Я купил ее в какой-то деревенской чайхане и принес на съемочную площадку. Это, по-моему, очень близко соотносится со смыслом фильма. В результате землетрясения этот крестьянин потерял все, его чубук выпал у него из рук. И все-таки мы видим его с трубкой! Играя словами, я бы сказал, что этот образ не только представляет реальность, но также проникнут истиной. Эта истина в том, что его чубук превратился в трубку, потому что участь его изменилась к лучшему[34]
. Я верю, что событие, которое нас не убивает, делает нас сильнее, может улучшить нашу жизнь.ЖЛН:
Какое значение вы отводите тому факту, что это образ? Ведь то же самое можно было бы показать и на реальном старике, так же как нам показывают других персонажей, переживших землетрясение. А тут именно образ.
АК:
Я не думаю, что способен изобрести все. Я работаю, но и другие тоже. И порой мне кажется, что мы можем лишь выбирать из того, что уже осуществили другие.
В то время я спрашивал себя: почему этот плакат настолько популярен, почему его можно обнаружить в каждом доме? Если мы сумеем найти ответ на это, то поймем, что выбирать настолько же важно, как и мыслить. Мне кажется, этот образ, совсем как какая-нибудь социологическая или психологическая книга о крестьянской жизни, может дать осмысленные ответы на множество вопросов. Потому что это эмблематичный образ, представляющий вершину мечтаний любого иранского крестьянина.
ЖЛН:
Вот почему он так распространен.
АК:
Ну да, но не всякий, возможно, понимает причину такой популярности. Этот образ представляет чаяния и мечты крестьян. Но в то же время это и зеркало, в котором можно узнать себя. В чем жизнь крестьянина? В его еде, его краюхе хлеба, его чае и его табаке… Если комплект в порядке, то вот тебе и жизнь, вот тебе и счастье. Именно это можно понять во время землетрясения, о чем напоминает следующая сцена: старая женщина не ищет среди развалин пропавшего мужа, а ищет свой чайник, чтобы заварить себе чаю.
Говорят, чтобы работать в деревне, нужно знать социологию сельской среды. Этот образ помог мне. Когда я его нашел, я понял, что он сослужит мне добрую службу.

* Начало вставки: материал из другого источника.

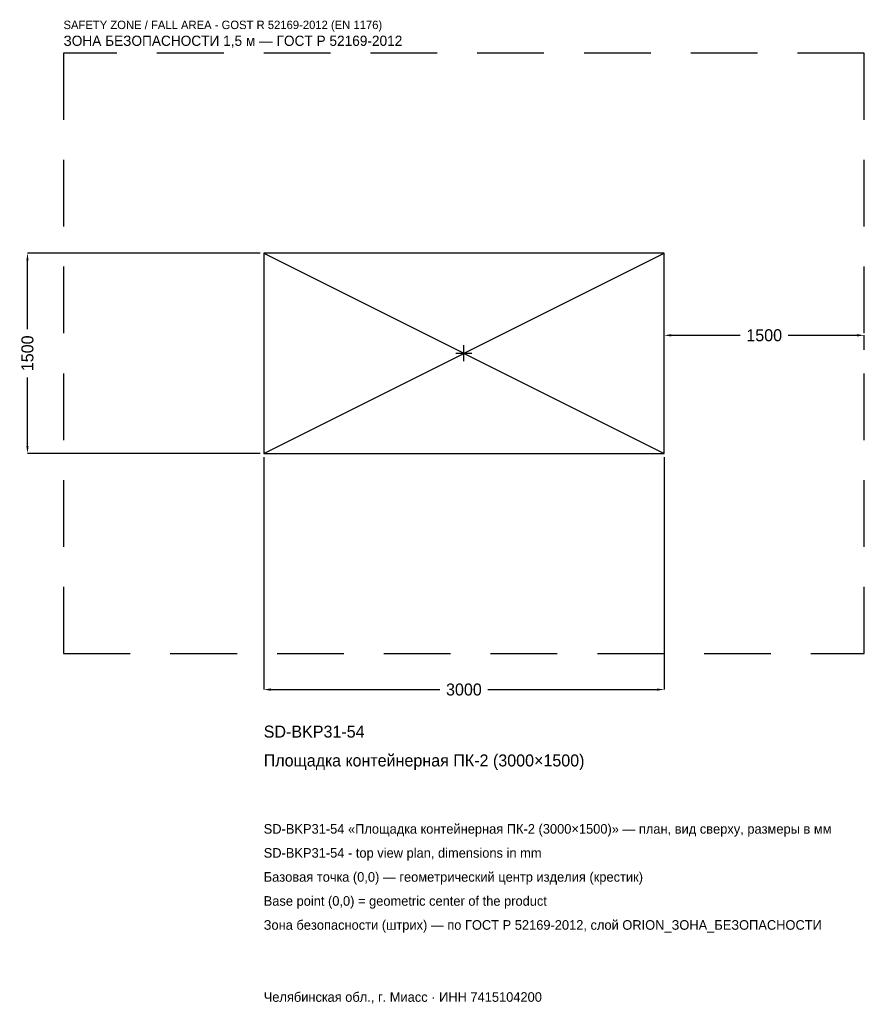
# Model space of a CAD drawing. Header units: metres. Extents: x -3328 to 3000, y -4879 to 2500.
import ezdxf

# ---------------------------------------------------------------- set-up
doc = ezdxf.new("R2010")
doc.units = ezdxf.units.M
doc.linetypes.add('DASHED', pattern=[800, 500, -300])
for name, color, linetype in [('ЗСК_ДАННЫЕ', 3, 'Continuous'), ('ЗСК_ЗОНА_БЕЗОПАСНОСТИ', 1, 'Continuous'), ('ЗСК_КОНТУР', 7, 'Continuous'), ('ЗСК_РАЗМЕРЫ', 8, 'Continuous')]:
    doc.layers.add(name, color=color, linetype=linetype)
doc.dimstyles.new('ORION', dxfattribs={"dimtxt": 90, "dimasz": 54, "dimexe": 1.25, "dimexo": 27, "dimtad": 1, "dimdec": 0, "dimcen": 2.5, "dimazin": 3, "dimtfac": 1, "dimtmove": 0, "dimatfit": 3})

# ---------------------------------------------------------------- blocks, each defined once
blk = doc.blocks.new('_CLOSEDFILLED')
at = {"color": 0, "linetype": 'BYBLOCK'}
blk.add_solid([(-1, 0.16), (0, 0), (-1, -0.16)], dxfattribs=at)
blk = doc.blocks.new('*D1')
for p, q in [((-1500, -777), (-1500, -2520)), ((1500, -777), (1500, -2520)), ((-1446, -2520), (-180, -2520)), ((180, -2520), (1446, -2520))]:
    blk.add_line(p, q)
at = {"layer": 'Defpoints'}
for p in [(-1500, -750), (1500, -750), (-1500, -2520)]:
    blk.add_point(p, dxfattribs=at)
at = {"layer": 'ЗСК_РАЗМЕРЫ', "xscale": 54, "yscale": 54, "rotation": 180}
blk.add_blockref('_CLOSEDFILLED', (-1500, -2520), dxfattribs=at)
at = {"layer": 'ЗСК_РАЗМЕРЫ', "xscale": 54, "yscale": 54}
blk.add_blockref('_CLOSEDFILLED', (1500, -2520), dxfattribs=at)
at = {"layer": 'ЗСК_РАЗМЕРЫ', "insert": (0, -2520), "char_height": 90, "attachment_point": 5}
blk.add_mtext('3000', dxfattribs=at)
blk = doc.blocks.new('*D2')
for p, q in [((-1527, 750), (-3270, 750)), ((-3270, 180), (-3270, 696)), ((-3270, -696), (-3270, -180)), ((-1527, -750), (-3270, -750))]:
    blk.add_line(p, q)
at = {"layer": 'Defpoints'}
for p in [(-1500, 750), (-3270, -750), (-1500, -750)]:
    blk.add_point(p, dxfattribs=at)
at = {"layer": 'ЗСК_РАЗМЕРЫ', "xscale": 54, "yscale": 54}
for p, rotation in [((-3270, 750), 90), ((-3270, -750), 270)]:
    blk.add_blockref('_CLOSEDFILLED', p, dxfattribs=dict(at, rotation=rotation))
at = {"layer": 'ЗСК_РАЗМЕРЫ', "insert": (-3270, 0), "char_height": 90, "attachment_point": 5, "rotation": 90}
blk.add_mtext('1500', dxfattribs=at)
blk = doc.blocks.new('*D3')
for p, q in [((1500, 27), (1500, 135)), ((1554, 135), (2070, 135)), ((2430, 135), (2946, 135)), ((3000, 27), (3000, 135))]:
    blk.add_line(p, q)
at = {"layer": 'Defpoints'}
for p in [(1500, 135), (1500, 0), (3000, 0)]:
    blk.add_point(p, dxfattribs=at)
at = {"layer": 'ЗСК_РАЗМЕРЫ', "xscale": 54, "yscale": 54, "rotation": 180}
blk.add_blockref('_CLOSEDFILLED', (1500, 135), dxfattribs=at)
at = {"layer": 'ЗСК_РАЗМЕРЫ', "xscale": 54, "yscale": 54}
blk.add_blockref('_CLOSEDFILLED', (3000, 135), dxfattribs=at)
at = {"layer": 'ЗСК_РАЗМЕРЫ', "insert": (2250, 135), "char_height": 90, "attachment_point": 5}
blk.add_mtext('1500', dxfattribs=at)
blk = doc.blocks.new('ОРИОН SD-BKP31-54 Площадка контейнерная ПК-2 (3000×1500)')
at = {"layer": 'ЗСК_ЗОНА_БЕЗОПАСНОСТИ', "linetype": 'DASHED'}
blk.add_lwpolyline([(-3000, -2250), (3000, -2250), (3000, 2250), (-3000, 2250)], close=True, dxfattribs=at)
at = {"layer": 'ЗСК_КОНТУР'}
for p, q in [((-1500, -750), (1500, 750)), ((-1500, 750), (1500, -750))]:
    blk.add_line(p, q, dxfattribs=at)
blk.add_lwpolyline([(-1500, -750), (1500, -750), (1500, 750), (-1500, 750)], close=True, dxfattribs=at)
at = {"layer": 'ЗСК_РАЗМЕРЫ'}
for p, q in [((-60, 0), (60, 0)), ((0, -60), (0, 60))]:
    blk.add_line(p, q, dxfattribs=at)
at = {"layer": 'ЗСК_ДАННЫЕ'}
for tag, p in [('АРТИКУЛ', (-1500, -2880)), ('НАИМЕНОВАНИЕ', (-1500, -3096))]:
    blk.add_attdef(tag, p, '', height=90, dxfattribs=at)
at = {"layer": 'ЗСК_ДАННЫЕ', "flags": 1}
for tag, p in [('ПРОИЗВОДИТЕЛЬ', (-1500, -3312)), ('ТЕЛЕФОН', (-1500, -3528)), ('САЙТ', (-1500, -3960)), ('АДРЕС', (-1500, -4176)), ('РЕКВИЗИТЫ', (-1500, -4392)), ('ГАБАРИТЫ', (-1500, -4608)), ('ЗОНА_БЕЗОПАСНОСТИ', (-1500, -4824))]:
    blk.add_attdef(tag, p, '', height=90, dxfattribs=at)
at = {"layer": 'ЗСК_ЗОНА_БЕЗОПАСНОСТИ', "color": 1}
for s, height, p in [('SAFETY ZONE / FALL AREA - GOST R 52169-2012 (EN 1176)', 63, (-3000, 2430)), ('ЗОНА БЕЗОПАСНОСТИ 1,5 м — ГОСТ Р 52169-2012', 76.5, (-3000, 2304))]:
    blk.add_text(s, height=height, dxfattribs=at).set_placement(p)
at = {"layer": 'ЗСК_РАЗМЕРЫ'}
dim = blk.add_linear_dim(base=(-3270, -750), p1=(-1500, -750), p2=(-1500, 750), angle=90, dimstyle='ORION', dxfattribs=at)
dim.commit()
dim.dimension.update_dxf_attribs({"geometry": '*D2', "text_midpoint": (-3270, 0)})
for base, p1, p2, picture, middle in [((1500, 135), (1500, 0), (3000, 0), '*D3', (2250, 135)), ((-1500, -2520), (-1500, -750), (1500, -750), '*D1', (0, -2520))]:
    dim = blk.add_linear_dim(base=base, p1=p1, p2=p2, dimstyle='ORION', dxfattribs=at)
    dim.commit()
    dim.dimension.update_dxf_attribs({"geometry": picture, "text_midpoint": middle})

msp = doc.modelspace()

# ---------------------------------------------------------------- block references
msp.add_blockref('ОРИОН SD-BKP31-54 Площадка контейнерная ПК-2 (3000×1500)', (0, 0)).add_auto_attribs({'АРТИКУЛ': 'SD-BKP31-54', 'НАИМЕНОВАНИЕ': 'Площадка контейнерная ПК-2 (3000×1500)'})

# ---------------------------------------------------------------- texts
at = {"layer": 'ЗСК_ДАННЫЕ', "color": 3}
for s, p in [('SD-BKP31-54 «Площадка контейнерная ПК-2 (3000×1500)» — план, вид сверху, размеры в мм', (-1500, -3600)), ('SD-BKP31-54 - top view plan, dimensions in mm', (-1500, -3780)), ('Челябинская обл., г. Миасс · ИНН 7415104200', (-1500, -4860))]:
    msp.add_text(s, height=72, dxfattribs=at).set_placement(p)
at = {"layer": 'ЗСК_ДАННЫЕ', "color": 7}
for s, p in [('Базовая точка (0,0) — геометрический центр изделия (крестик)', (-1500, -3960)), ('Base point (0,0) = geometric center of the product', (-1500, -4140))]:
    msp.add_text(s, height=72, dxfattribs=at).set_placement(p)
at = {"layer": 'ЗСК_ДАННЫЕ', "color": 1}
msp.add_text('Зона безопасности (штрих) — по ГОСТ Р 52169-2012, слой ORION_ЗОНА_БЕЗОПАСНОСТИ', height=72, dxfattribs=at).set_placement((-1500, -4320))

doc.saveas('drawing.dxf')

И вот еще пример: во всех чайханах на краю пустыни можно найти изображение с заснеженной горной вершиной и равниной по одну сторону от нее, а по другую – мостиком через маленькую речушку, где плавает несколько уток. Изображения такого рода весьма ценятся в тех областях, где население никогда не видело зеленеющих лугов и деревьев, где люди этого лишены. Если я когда-нибудь сниму фильм о пустыне, без этого изображения никак не обойтись.
ЖЛН:
В фильме «Ветер унесёт нас» в доме тоже есть картины – не помню, что на них изображено, да и видно их не так отчетливо (они даются не крупным планом). Но все же мы видим, что в комнатах есть какие-то картины.
АК:
Во всех домах у людей есть какие-то фотографии – и просто им принадлежащие, и фотографии их самих. Но раз камера в дома не проникает, значит, и фотографии эти никогда и нигде не будут показаны.
ЖЛН:
Я задумывался над тем, как разыгрывается связь между такого рода выведенными намеком изображениями или фотографиями и тем фактом, что весь этот фильм как бы является историей фотографий, которые снимать нельзя, как и тех фотографий или, возможно, кадров, что под конец оказываются украдены этнологом: ведь он собирался заснять на пленку женщин в трауре, но в конечном счете должен снимать обычные фото. И сначала, во всяком случае, одна женщина запрещает ему использовать его аппарат.
АК:
Камера не показывает изображений, потому что я этого не захотел. Но если женщина не дает мужчине фотографировать – это обусловлено культурным фактом, традицией. Очень часто по деревням – то же самое и в Африке, где я недавно снимал, – когда люди, неважно, мужчины или женщины, замечают фотоаппарат, они мешают работать, им не нравится, чтобы их фотографировали.
Картины в фильме «Ветер унесёт нас»
Ваше толкование по поводу образа и фотографии очень интересно. Мне даже приходит на ум, что фотография, образ – ценнее фильма. Тайна образа остается запечатана, поскольку он беззвучен, у него отсутствует
На конференции в Дордоне, посвященной пейзажу (в сентябре 2000-го), я представил две фотографии, отображавшие один и тот же пейзаж с несколькими деревьями. Никаких комментариев к снимкам не было. Пятнадцать лет отделяют эти фотографии одну от другой, и когда я их рассматриваю, мне становится страшно. А это просто два изображения, снятые на одном и том же месте с одного и того же угла, представляющие один и тот же пейзаж. Но между делом некоторые деревья исчезли – и на более свежей фотографии их отсутствие бросается в глаза.